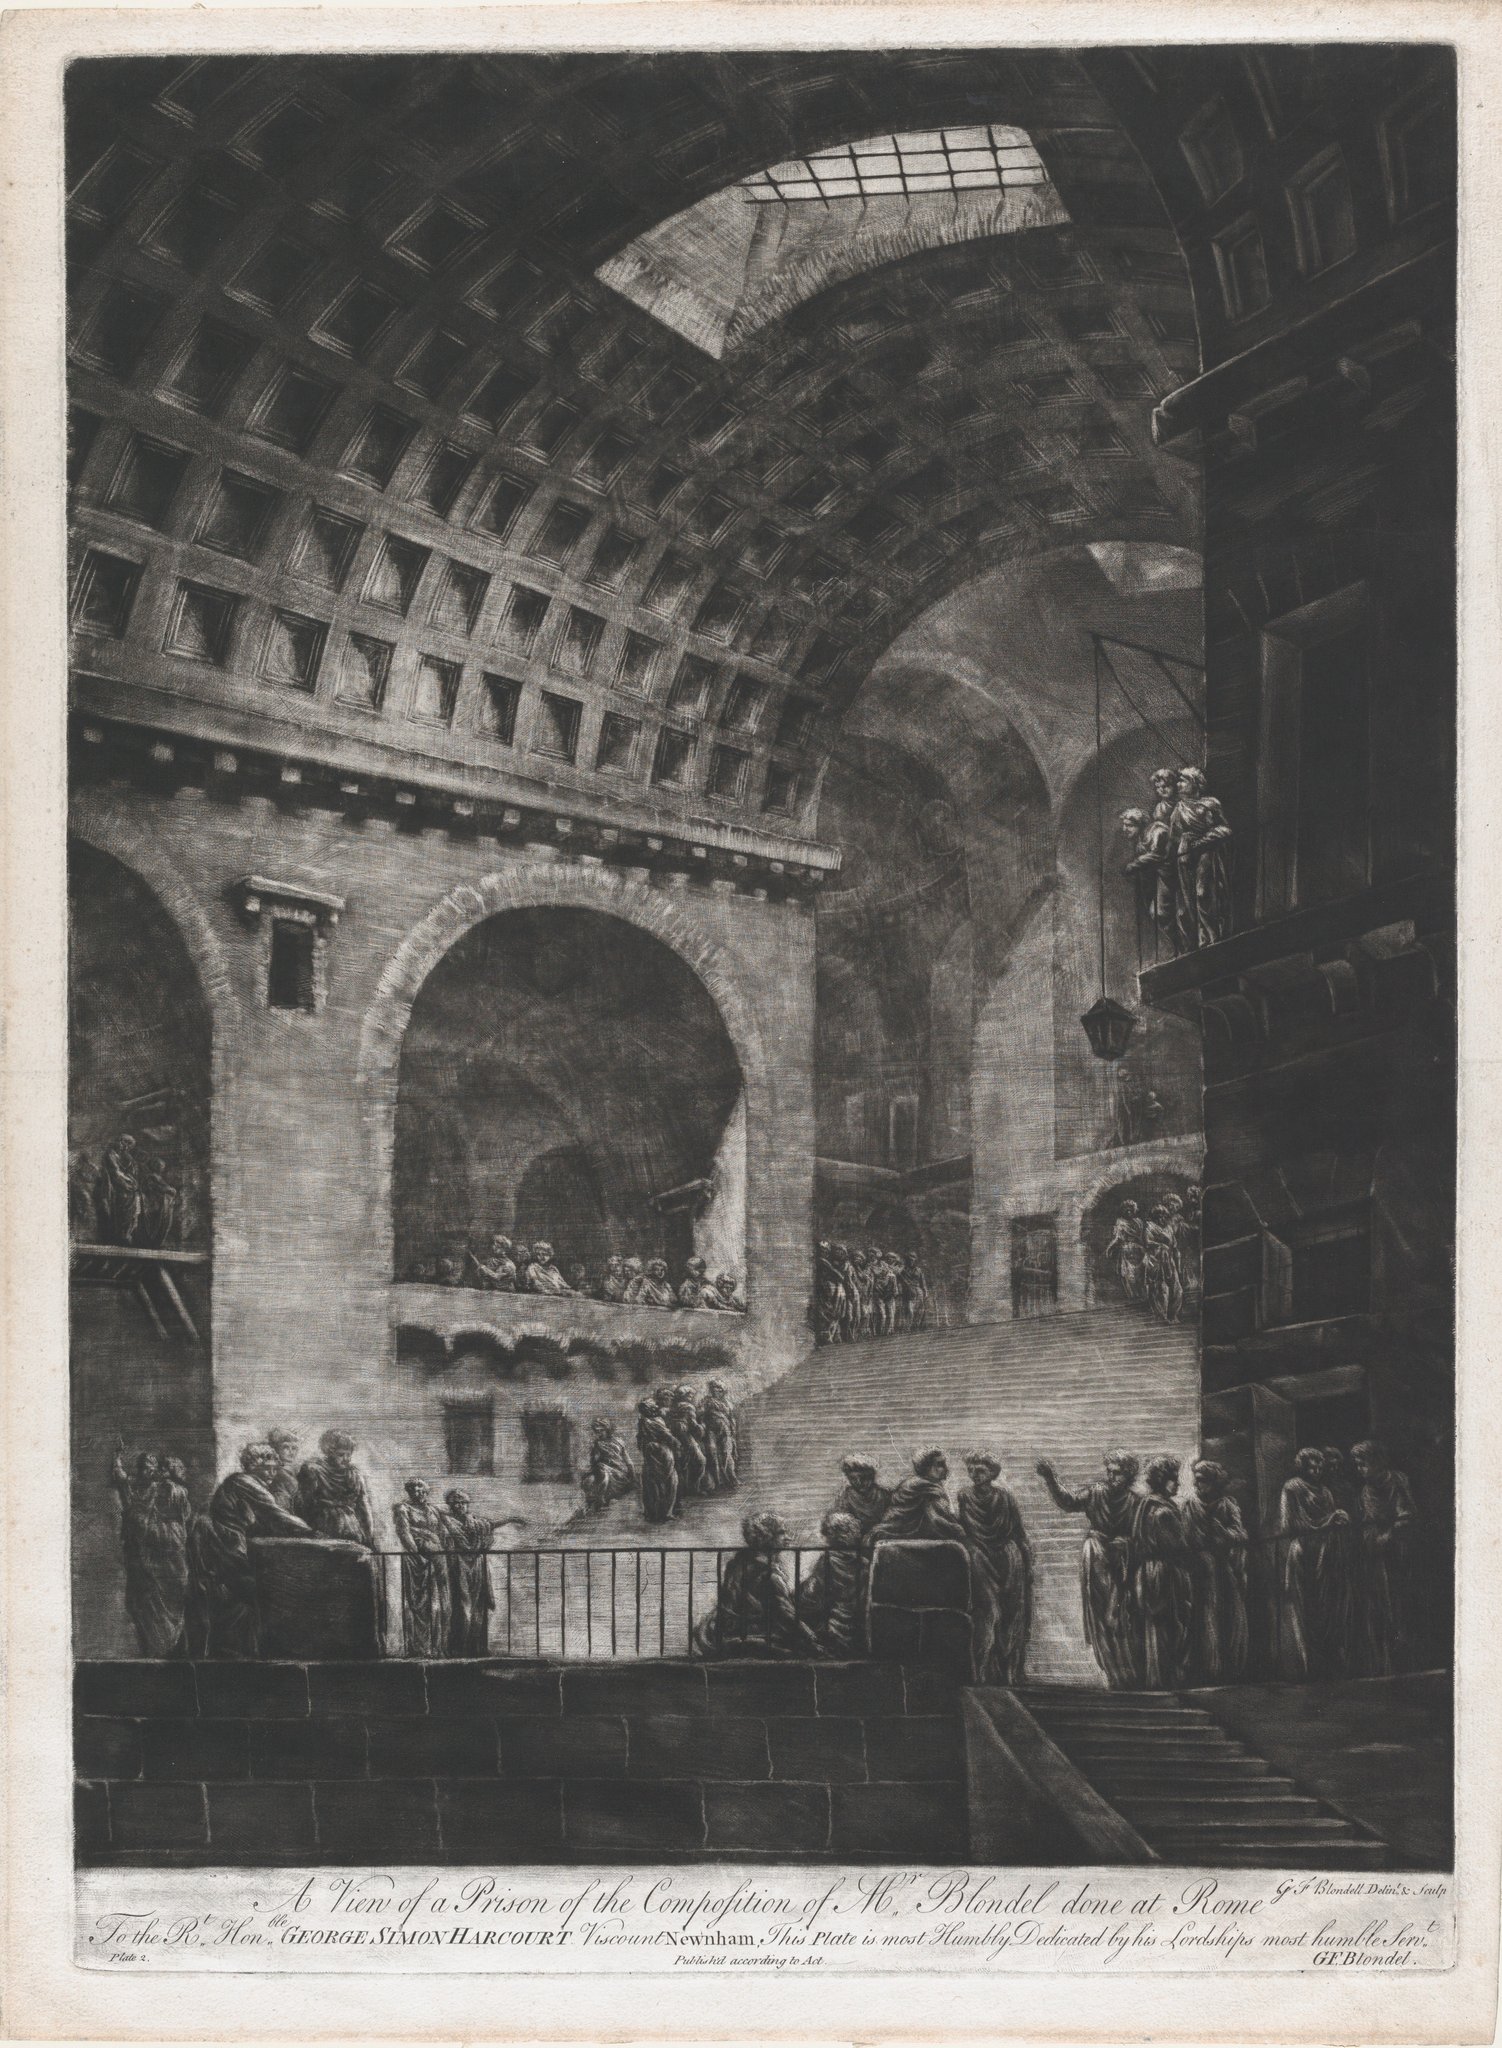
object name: print
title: A View of a Prison of the Composition of Mr. Blondel done at Rome
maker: georges françois blondel
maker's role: artist and publisher
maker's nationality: french
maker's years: 1730-1792
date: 1765
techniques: mezzotint
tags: prisons,interiors,prisoners

====================

Your task>
Repeat the data above exactly; images are not part of the copy.

Task result>
object name: print
title: A View of a Prison of the Composition of Mr. Blondel done at Rome
maker: georges françois blondel
maker's role: artist and publisher
maker's nationality: french
maker's years: 1730-1792
date: 1765
techniques: mezzotint
tags: prisons,interiors,prisoners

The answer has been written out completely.